Long Blooming Perennial Plants : Prizewinning Series

Long Blooming Perennial Plants : Prizewinning Series


A First Prize
in the category of
Longest Blooming, Best Standing Perennial Self Sowers
goes to:


Linaria purpurea (purple)

and to

Linaria purpurea Canon J. Went (pink)

Linaria purpurea Canon J. Went

The pink form of this Linaria is named in honor of Canon J. Went (ecumenical), and was his horticultural ‘goal’ plant. This extremely long flowering plant bequest enhances our gardens  and roadsides with its slender spires these many years later because of his caring attentions. Subsequent generations of gardeners who have treasured this pink Linaria have, each in their turn, kept it going.

Linaria purpurea, the purple ancestral wild form from which the pink was derived, is also a beautiful long bloomer. The pink has perhaps an airier appearance with its light color. For your plant paintings sometimes you may want pink, sometimes purple, so its nice to have a choice.

Both color forms are elegant plants, which strikes me as being in line with their Italian heritage. Refined and delicate in appearance of flower and foliage, slender yet sturdy in stature, they stand 18 to 30” tall, and typically manage without support. They are easily pleased by a broad range of full to ½ day sun places, and a lean sandy soil is fine for them, though better earth is also suitable. They thrive in association with rocks, sowing happily betwixt and between.

If you occasionally trim down spent stalks as the flowering season goes along, new budding stems will come up.
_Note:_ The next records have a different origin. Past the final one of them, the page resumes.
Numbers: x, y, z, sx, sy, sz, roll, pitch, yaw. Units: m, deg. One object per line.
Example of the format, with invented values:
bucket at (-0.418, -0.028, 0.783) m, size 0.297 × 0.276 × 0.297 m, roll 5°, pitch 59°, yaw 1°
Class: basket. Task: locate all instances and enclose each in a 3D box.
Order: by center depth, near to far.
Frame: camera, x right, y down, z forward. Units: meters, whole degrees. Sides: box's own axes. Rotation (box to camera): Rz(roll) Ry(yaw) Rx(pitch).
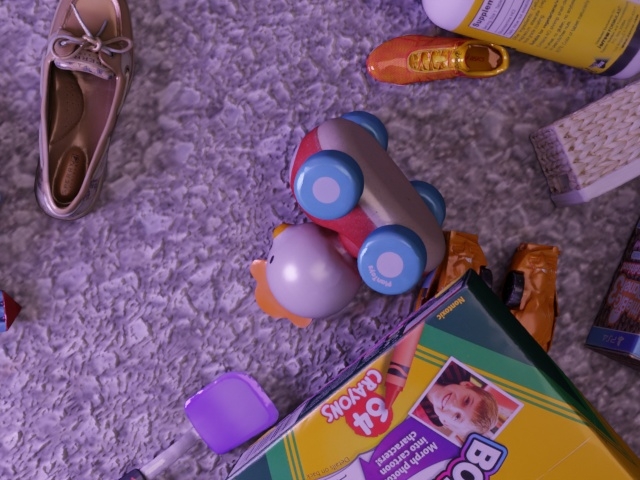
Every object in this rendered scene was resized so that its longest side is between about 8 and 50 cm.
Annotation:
basket at (0.353, -0.122, 1.611) m, size 0.167 × 0.113 × 0.103 m, roll -26°, pitch 91°, yaw -9°

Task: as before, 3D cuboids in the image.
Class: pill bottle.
pill bottle at (0.237, -0.318, 1.546) m, size 0.334 × 0.188 × 0.188 m, roll 15°, pitch 88°, yaw -10°

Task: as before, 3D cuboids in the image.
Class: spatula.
spatula at (-0.189, 0.260, 1.550) m, size 0.296 × 0.030 × 0.084 m, roll -35°, pitch 96°, yaw -8°

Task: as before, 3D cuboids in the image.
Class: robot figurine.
robot figurine at (0.197, 0.141, 1.596) m, size 0.211 × 0.085 × 0.291 m, roll 9°, pitch 88°, yaw -11°

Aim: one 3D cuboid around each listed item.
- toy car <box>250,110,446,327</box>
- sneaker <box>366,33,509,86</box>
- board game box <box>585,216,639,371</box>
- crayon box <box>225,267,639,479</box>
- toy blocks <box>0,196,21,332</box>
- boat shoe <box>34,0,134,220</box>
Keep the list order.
toy car at (0.000, 0.000, 1.527) m, size 0.238 × 0.219 × 0.210 m, roll -38°, pitch 98°, yaw 20°
sneaker at (0.142, -0.222, 1.591) m, size 0.175 × 0.067 × 0.064 m, roll -7°, pitch 94°, yaw -9°
board game box at (0.504, 0.050, 1.625) m, size 0.232 × 0.141 × 0.291 m, roll 25°, pitch 86°, yaw -10°
crayon box at (0.132, 0.267, 1.496) m, size 0.363 × 0.106 × 0.313 m, roll -41°, pitch 92°, yaw 15°
toy blocks at (-0.466, -0.028, 1.438) m, size 0.261 × 0.191 × 0.381 m, roll -7°, pitch 93°, yaw -22°
boat shoe at (-0.266, -0.164, 1.500) m, size 0.104 × 0.089 × 0.285 m, roll 5°, pitch 89°, yaw -10°
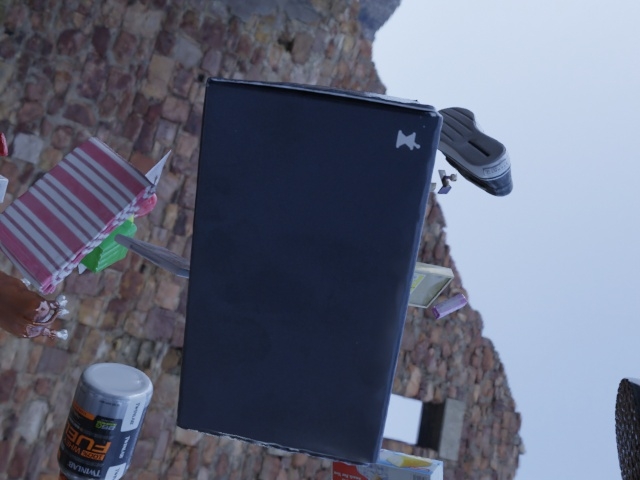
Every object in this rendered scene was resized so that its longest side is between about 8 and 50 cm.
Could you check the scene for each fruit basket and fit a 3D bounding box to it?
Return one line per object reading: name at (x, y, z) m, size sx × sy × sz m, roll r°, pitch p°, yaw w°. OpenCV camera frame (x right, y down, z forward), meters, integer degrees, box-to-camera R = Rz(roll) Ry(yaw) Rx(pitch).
fruit basket at (-0.590, -0.089, 1.749) m, size 0.327 × 0.165 × 0.353 m, roll -43°, pitch -164°, yaw 55°

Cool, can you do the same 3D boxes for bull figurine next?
bull figurine at (-0.643, 0.107, 1.188) m, size 0.101 × 0.310 × 0.188 m, roll -60°, pitch 161°, yaw -1°

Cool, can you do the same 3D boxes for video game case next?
video game case at (-0.276, 0.036, 1.082) m, size 0.019 × 0.143 × 0.157 m, roll -64°, pitch 161°, yaw -2°

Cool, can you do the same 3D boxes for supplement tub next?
supplement tub at (-0.620, 0.540, 1.693) m, size 0.207 × 0.207 × 0.338 m, roll -141°, pitch -112°, yaw -67°

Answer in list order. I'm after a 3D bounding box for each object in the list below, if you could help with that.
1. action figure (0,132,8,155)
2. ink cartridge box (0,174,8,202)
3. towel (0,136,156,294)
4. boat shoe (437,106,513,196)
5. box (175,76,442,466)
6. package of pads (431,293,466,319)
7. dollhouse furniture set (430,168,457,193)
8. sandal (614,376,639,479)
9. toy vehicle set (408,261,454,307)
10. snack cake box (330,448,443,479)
action figure at (-0.742, -0.191, 1.091) m, size 0.091 × 0.280 × 0.139 m, roll 104°, pitch -30°, yaw -78°
ink cartridge box at (-0.898, -0.174, 1.318) m, size 0.296 × 0.261 × 0.066 m, roll 26°, pitch -79°, yaw 30°
towel at (-0.329, -0.039, 0.786) m, size 0.197 × 0.144 × 0.029 m, roll -46°, pitch 155°, yaw -14°
boat shoe at (0.333, -0.201, 1.363) m, size 0.121 × 0.119 × 0.335 m, roll -23°, pitch -145°, yaw 4°
box at (0.000, 0.000, 0.956) m, size 0.472 × 0.297 × 0.479 m, roll -68°, pitch 167°, yaw -75°
package of pads at (0.326, 0.166, 1.501) m, size 0.050 × 0.083 × 0.032 m, roll 87°, pitch -23°, yaw -68°
dollhouse furniture set at (0.363, -0.206, 1.898) m, size 0.091 × 0.114 × 0.081 m, roll 115°, pitch -30°, yaw -58°
sandal at (0.495, 0.375, 0.801) m, size 0.445 × 0.107 × 0.167 m, roll -76°, pitch 163°, yaw -56°
toy vehicle set at (0.264, 0.132, 1.855) m, size 0.166 × 0.267 × 0.035 m, roll -57°, pitch -148°, yaw 38°
snack cake box at (0.158, 0.599, 1.441) m, size 0.264 × 0.089 × 0.152 m, roll 2°, pitch -86°, yaw 29°

If the place is not too hot and there is enough water, this reflowering can go on for months each and every year, from June until at least October.
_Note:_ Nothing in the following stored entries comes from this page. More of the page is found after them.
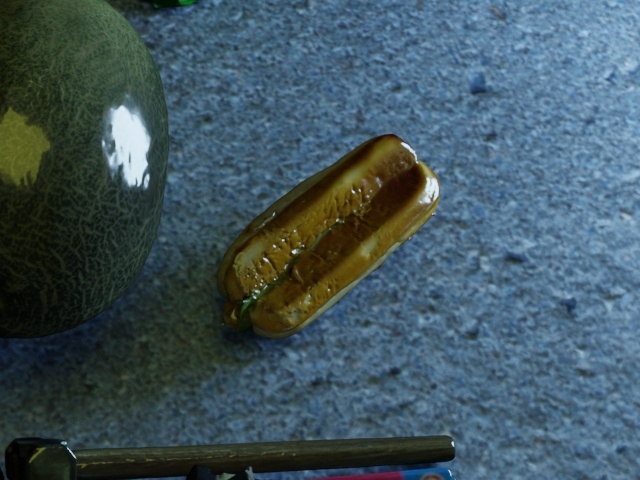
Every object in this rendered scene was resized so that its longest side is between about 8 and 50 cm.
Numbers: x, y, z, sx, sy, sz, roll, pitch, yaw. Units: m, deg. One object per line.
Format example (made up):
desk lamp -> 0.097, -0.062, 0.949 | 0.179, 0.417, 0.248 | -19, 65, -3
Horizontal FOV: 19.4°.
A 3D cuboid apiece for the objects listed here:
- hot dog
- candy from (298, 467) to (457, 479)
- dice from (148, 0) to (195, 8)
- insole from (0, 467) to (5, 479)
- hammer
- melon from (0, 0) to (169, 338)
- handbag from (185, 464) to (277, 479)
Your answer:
hot dog -> 0.000, 0.000, 1.634 | 0.104, 0.076, 0.250 | 48, 64, -1
candy -> -0.036, 0.273, 1.425 | 0.306, 0.100, 0.157 | -4, 56, -11
dice -> -0.134, -0.306, 1.779 | 0.120, 0.131, 0.128 | 40, 58, 14
insole -> -0.337, 0.097, 1.499 | 0.012, 0.110, 0.309 | -44, 66, 6
hammer -> -0.066, 0.176, 1.500 | 0.365, 0.111, 0.043 | 0, 87, -18
melon -> -0.243, -0.072, 1.533 | 0.249, 0.248, 0.329 | 9, 48, -4
handbag -> -0.032, 0.259, 1.236 | 0.181, 0.181, 0.254 | 8, 28, -8

I find them easily managed in a garden setting, with some subtractive editing when there are more individuals than you want. They are good to share since they do well for mostly everyone.

Self Sowing Perennials

These are Perennial in character, meaning that the parents come back, and in addition both kinds self sow quite reliably. The babies typically mature and flower in the first year.

From your parent planting, over time, the seeds will find nearby places to nestle into all by themselves. Once you have established this Linaria, you will probably have it for all of your garden life, if you so desire. The babies will also take care of themselves long after the original gardener is gone.

It is easy to share their seeds with other gardeners. Roughly collected seed can put into an envelope and site sown in its proposed new home as soon as it is dry. I sow them at the end of the gardening year, after the chosen places have been cleaned up for winter. Baby plants and more mature individuals can also readily be moved to wherever you might like to have them, at most any time of the year.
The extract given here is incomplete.